As HR professionals we have our work cut out for us on two fronts. When we begin to ramp back up, what will we do differently to reengage that new employee that goes through your onboarding process. What can we do now to get this equation in sync? What will we do with the existing workforce to build back that trust. We can no longer give lip service. If we don't believe it, do you think your employees will. Employees and prospective employees have seen the dynamics play out in their workplace, in the news or heard stories from their friends. HR has to drive that process. We should put this type of initiative on the front burner, because this is where the rubber meets the road. It is our job to drive, develop, restructure and realign our workforce. We are HUMAN RESOURCES!
Employees want to feel ‘respected, involved, heard, well-led and valued' in your company. Please do not under estimate those key points. If this equation is broken or not aligned, your company will pay the price once the economy improves.
The managers at a company is on the front lines of the engagement battle, but they can only do so much. Are they equipped with the tools to carry this re-engagement forward? Do they fall within the same mindset as their employees? HR has to play an much more important role in driving this process. HR must be seen as credible and it is our role to understand the importance of that most prized asset within a company.
There needs to be clear and new thinking in order to step in and act quickly and diplomatically as well as remain strategic, innovative and decisive. This is not how many line managers would currently describe HR. What are the managers key areas of concern in your company? What is on your employee's mind? If you do not know this, the best way to find out is to just ask.
I have always found that focus groups are a great way to get the inside scoop. Facilitated group sessions will provide a great starting point. Have a few sessions for employees and separate sessions for a select group of managers. You will finish this process with a treasure trove of information to start.

Get on the social networking bandwagon!! All of your employees are already there. Use it to communicate, create communities, stay connected. The internal memo, once a year company speech, earnings call memo an other forms of old school communications must be reevaluated. All the forward thinking companies are already there. This means more than just using social networking for recruiting, which I think everyone has seen the success of. Check out this white paper on the use of social networking by Jobvite titled Social Recruiting Survey.

Spend your time on thinking how to effectively use this new phenomenon as opposed to start thinking about the rules. Social networking is a tremendous opportunity for HR.

My comment is that we have to move HR into the 21st Century. We have to rebuild the workforce and not take for granted that most prized asset in our companies


  1. I could not agree more. Most of the corporate annual reports that use this line are such fantasy.

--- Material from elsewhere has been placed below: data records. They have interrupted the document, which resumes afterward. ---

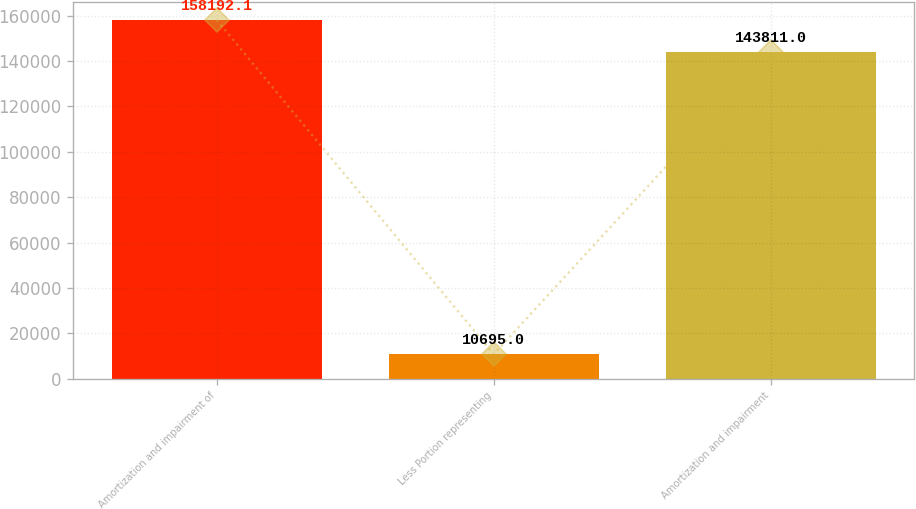Convert chart to OTSL. <chart><loc_0><loc_0><loc_500><loc_500><bar_chart><fcel>Amortization and impairment of<fcel>Less Portion representing<fcel>Amortization and impairment<nl><fcel>158192<fcel>10695<fcel>143811<nl></chart> 
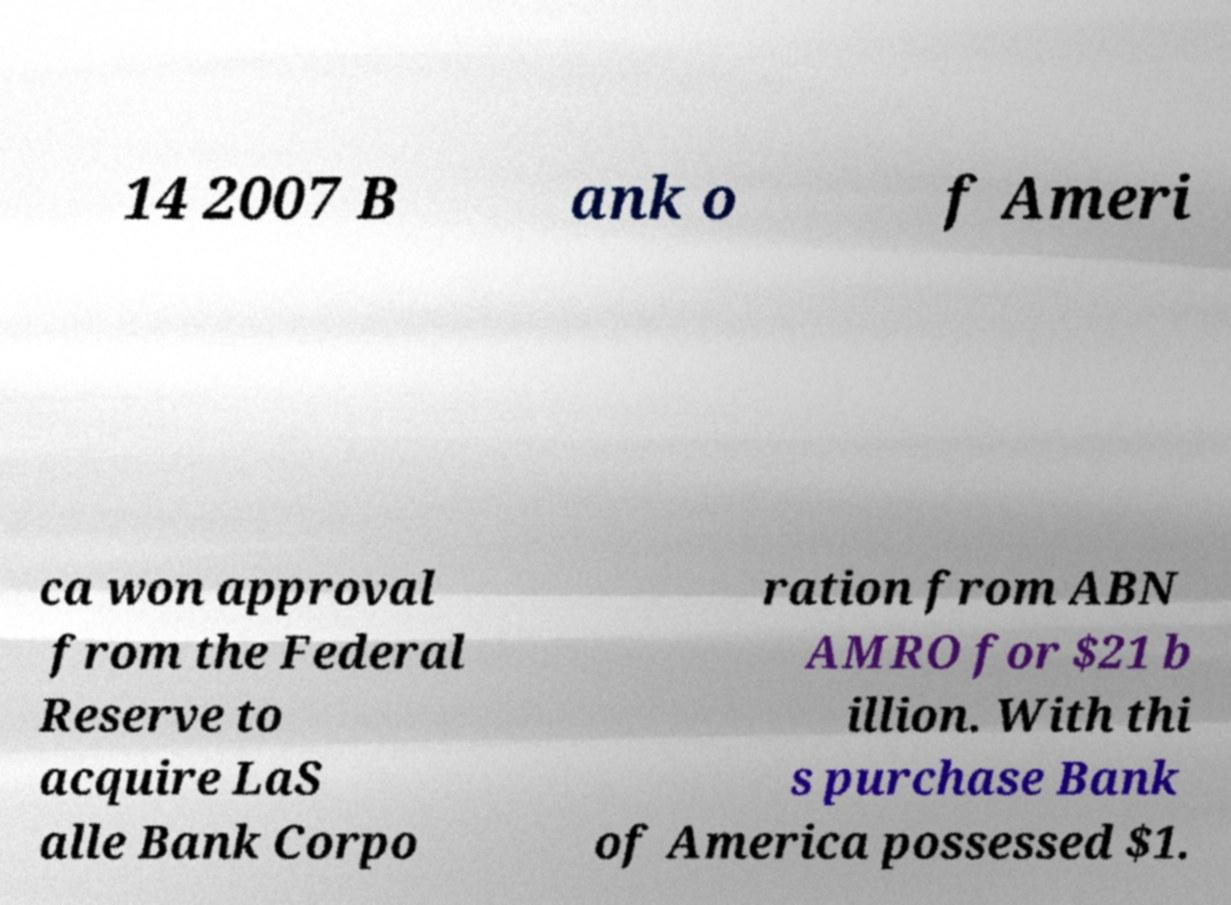Can you accurately transcribe the text from the provided image for me? 14 2007 B ank o f Ameri ca won approval from the Federal Reserve to acquire LaS alle Bank Corpo ration from ABN AMRO for $21 b illion. With thi s purchase Bank of America possessed $1. 
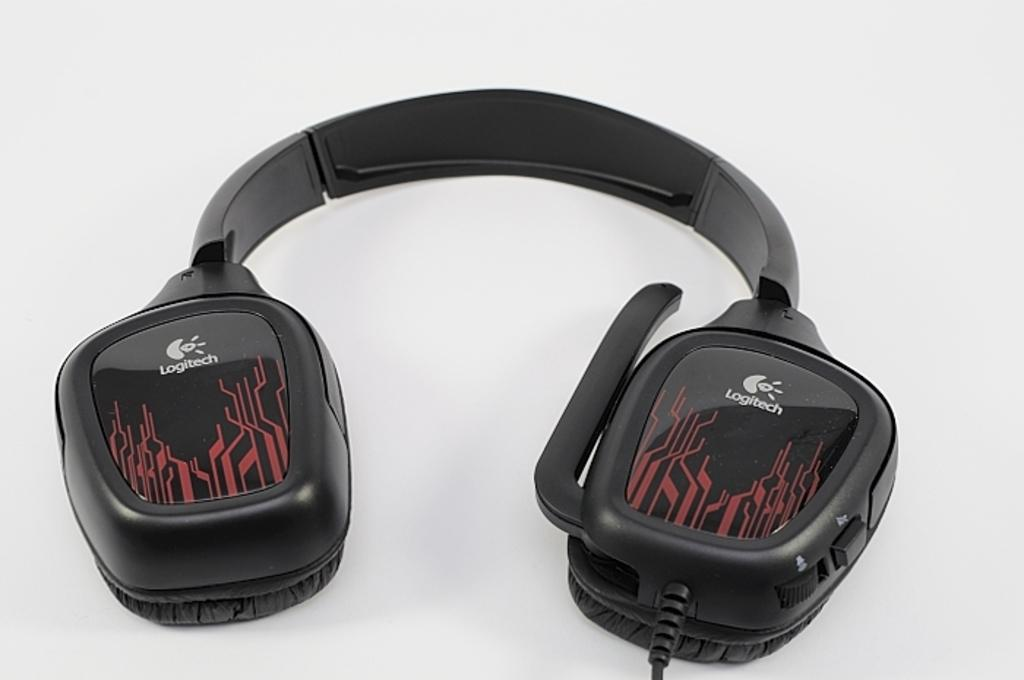<image>
Give a short and clear explanation of the subsequent image. Some Logitech headphones are sitting on a white surface. 
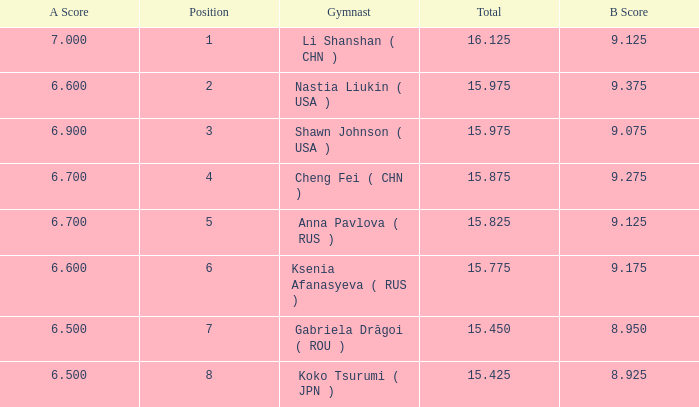What the B Score when the total is 16.125 and the position is less than 7? 9.125. 
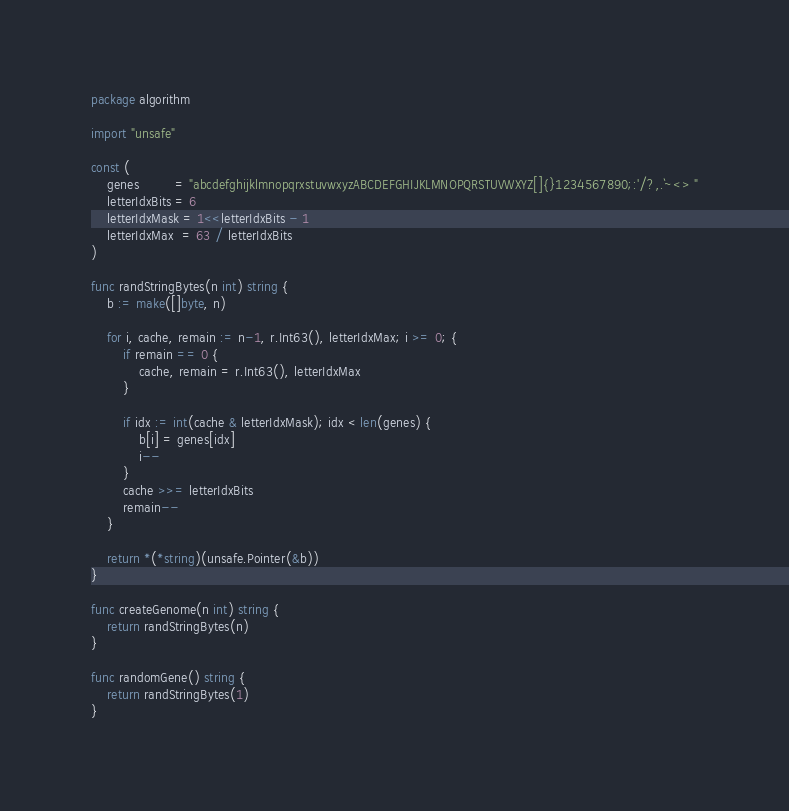Convert code to text. <code><loc_0><loc_0><loc_500><loc_500><_Go_>package algorithm

import "unsafe"

const (
	genes         = "abcdefghijklmnopqrxstuvwxyzABCDEFGHIJKLMNOPQRSTUVWXYZ[]{}1234567890;:'/?,.`~<> "
	letterIdxBits = 6
	letterIdxMask = 1<<letterIdxBits - 1
	letterIdxMax  = 63 / letterIdxBits
)

func randStringBytes(n int) string {
	b := make([]byte, n)

	for i, cache, remain := n-1, r.Int63(), letterIdxMax; i >= 0; {
		if remain == 0 {
			cache, remain = r.Int63(), letterIdxMax
		}

		if idx := int(cache & letterIdxMask); idx < len(genes) {
			b[i] = genes[idx]
			i--
		}
		cache >>= letterIdxBits
		remain--
	}

	return *(*string)(unsafe.Pointer(&b))
}

func createGenome(n int) string {
	return randStringBytes(n)
}

func randomGene() string {
	return randStringBytes(1)
}
</code> 
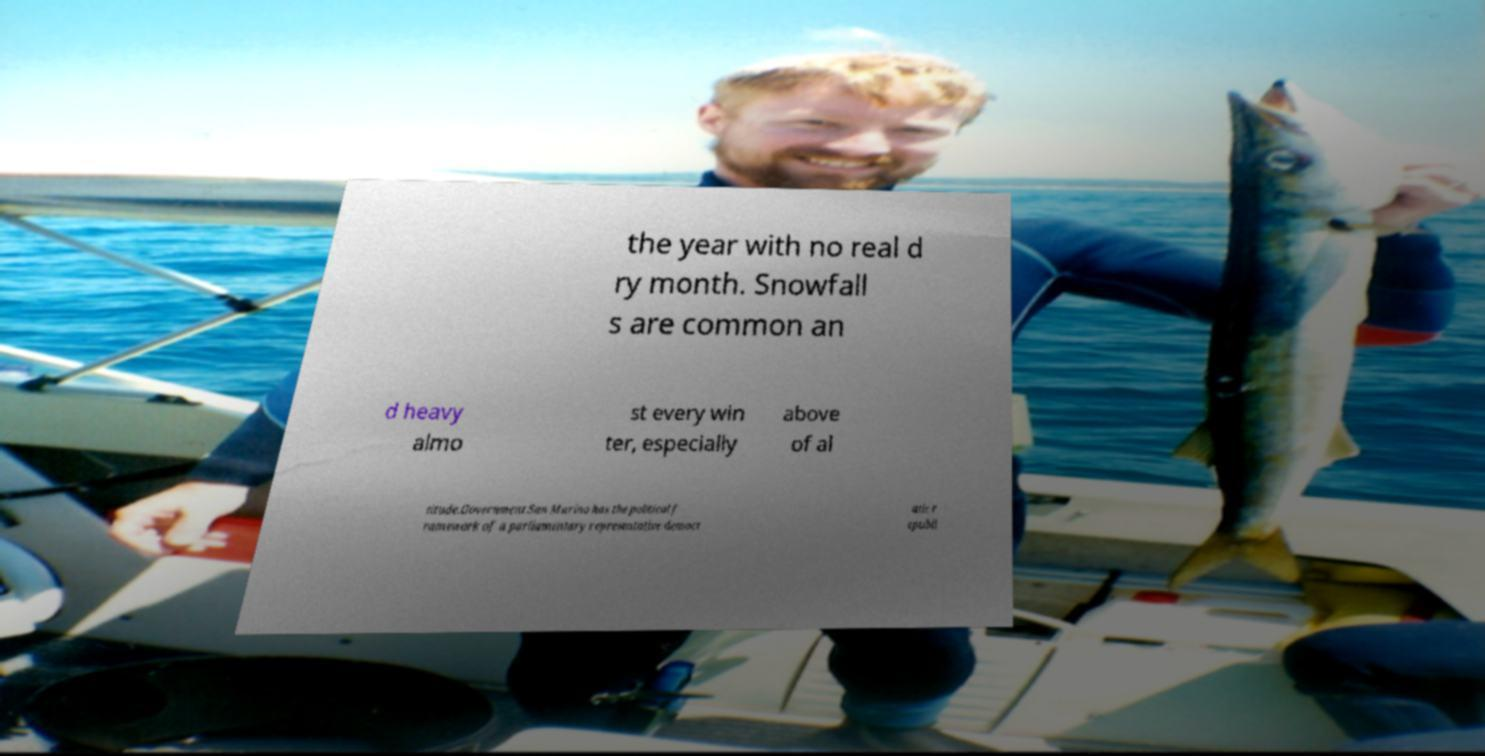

As an executive recruiter in healthcare, I can safely say that this line could easily be classified as one of the longest running bad jokes around.

  2. Here is the UK we have a slightly different take on the old cliche, ie. "Good people are our greatest asset" but everything else rings true across the pond.

  3. As a "reformed" accountant I would tell you that there are two kinds of assets:

    1. Appreciable assets (things that gain value the longer you have them)
    2. Depreciable assets (things that have less value the longer you have them because you use them up.

    When you buy a computer (for example) it's a depreciable asset. The longer you own it, the less it is worth.

    But when you buy a work of art, a house (theoretically... ) or make an investment, those are also assets that are supposed to appreciate in value over time. What's more, with an appreciable asset you take special care of it, spend money to preserve it and make it more valuable. In terms of employees, this would be investing in training, providing them benefits, etc.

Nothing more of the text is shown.